The advocacy group Aceh Papua Maluku Human Rights Online (AHRO, www.ahro.info) urged a worldwide appeal to Australian officials on behalf of the asylum seekers. AHRO maintains that Indonesia has occupied West Papua since 1969 when 1,022 electors, handpicked by Indonesia from a population of about one million, voted to unite with its large neighbor.

Since that time the Indonesian military has fought a persistent independence movement in West Papua. AHRO says Indonesian forces have used torture and murder and have strafed and bombed villages in an effort to stamp out the movement, killing an estimated 100,000 Papuans.

A Special Autonomy Law took effect in West Papua four years ago, but critics say living conditions have not improved. AHRO says HIV/AIDS is spreading, prohibitive school fees prevent Papuans from sending their children for an education, and many schools stand empty because the teachers have not been paid. In addition, large amounts of special autonomy funds have reportedly been used to finance military operations, and AHRO says migrants from elsewhere in Indonesia “are arriving in West Papua on a daily basis and have virtually taken control of the commercial sector.”

The 43 Papuans crossed 425 kilometers (264 miles) of open sea to become only the third boatload of asylum seekers to reach the Australian mainland in four years. (Asylum seekers must reach the mainland to claim refugee status since the federal government excised Australia’s northern islands from the immigration zone.)

Tensions had risen in West Papua with the recent deployment of 10,000 Indonesian troops from Aceh Province. In addition, 12 Papuan nationalists had been arrested, provoking widespread protests; four were subsequently released.

One of the 43, Papuan student resistance leader Herman Wainggai, appealed to the Australian public for protection. He spoke in a video he had secretly recorded on Christmas Island, the remote Australian territory in the Indian Ocean where the asylum seekers were being housed. He said the group feared to return to West Papua because Indonesian authorities there represented “a killer government … a terrorist government.” Nick Chesterfield of the Australian West Papua Association agreed, saying if the activists were returned to West Papua, “[t]he Indonesian military would not hesitate to kill them.”

Indonesia, however, says the 43 should not worry about being sent back. Indonesian President Susilo Bambang Yudhoyono has guaranteed the group’s safety if they would return, and Ambassador Teuku Mohammad Hamzah Thayeb says the Papuans have nothing to fear from Indonesian authorities. The ambassador also warned that relations between the two countries could be “strained” if the Howard government granted political asylum to the Papuans.

However, Australian Greens Senator Kerry Nettle said the ambassador’s assurances “are not credible. The escalating repression of the independence movement and generalized suppression of the people of West Papua is well documented.”
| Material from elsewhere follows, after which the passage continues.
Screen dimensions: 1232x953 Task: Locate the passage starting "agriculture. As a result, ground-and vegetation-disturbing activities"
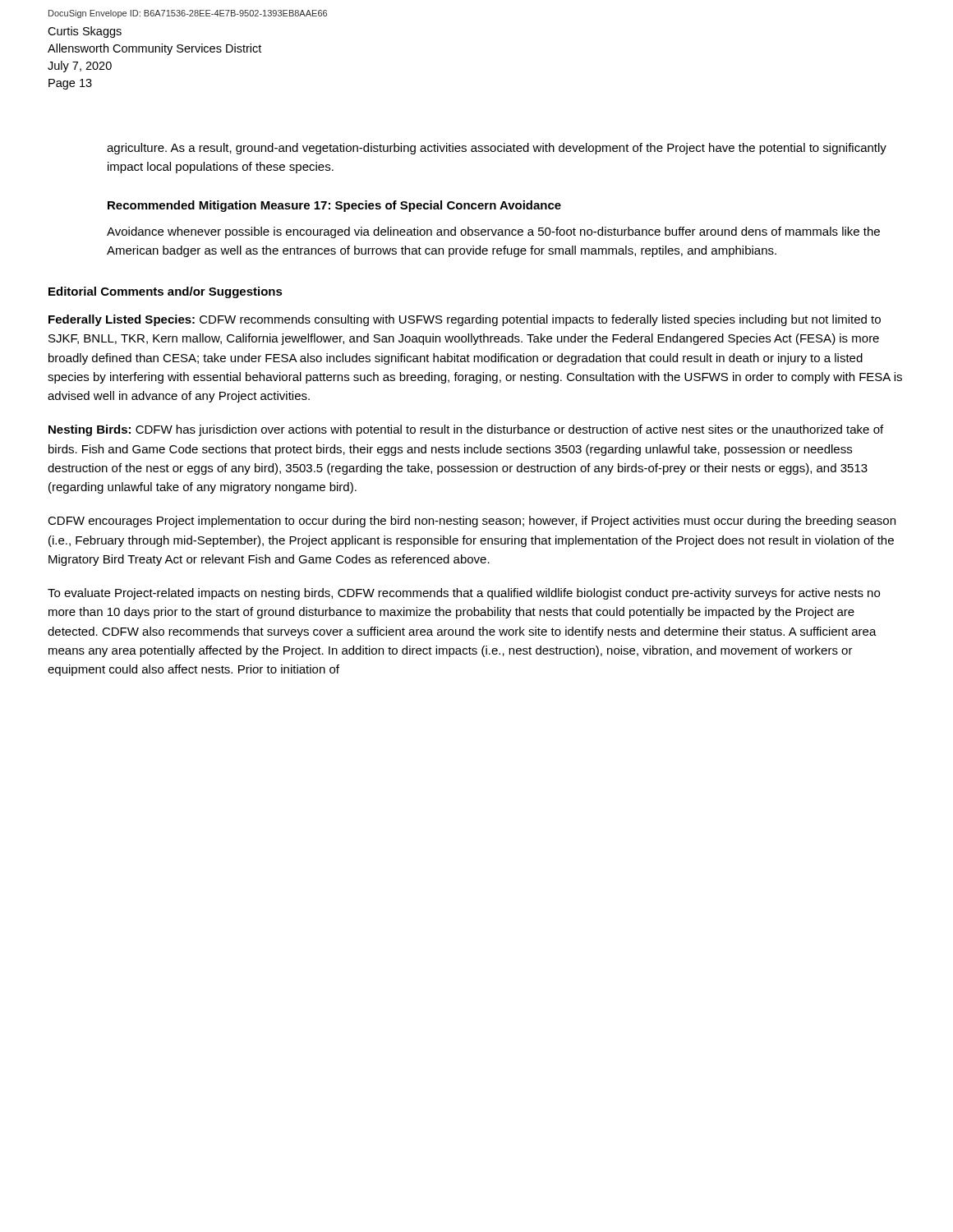coord(497,157)

The question of asylum is a sensitive one. Australia is negotiating a security treaty with Indonesia that calls on Australia to pledge not to interfere in Indonesia’s “territorial integrity.” Granting asylum to the 43 West Papuans might be seen as an admission by the Australian government that they could be persecuted if they returned home.

Nonetheless, Nettle said, “I had the opportunity to ask our Department of Immigration … when they thought they would have a decision on the 43 asylum seekers from West Papua, and they said they were expecting to have a decision sometime in March, so we are obviously hoping that that will be sooner rather than later and that the decision will be positive.”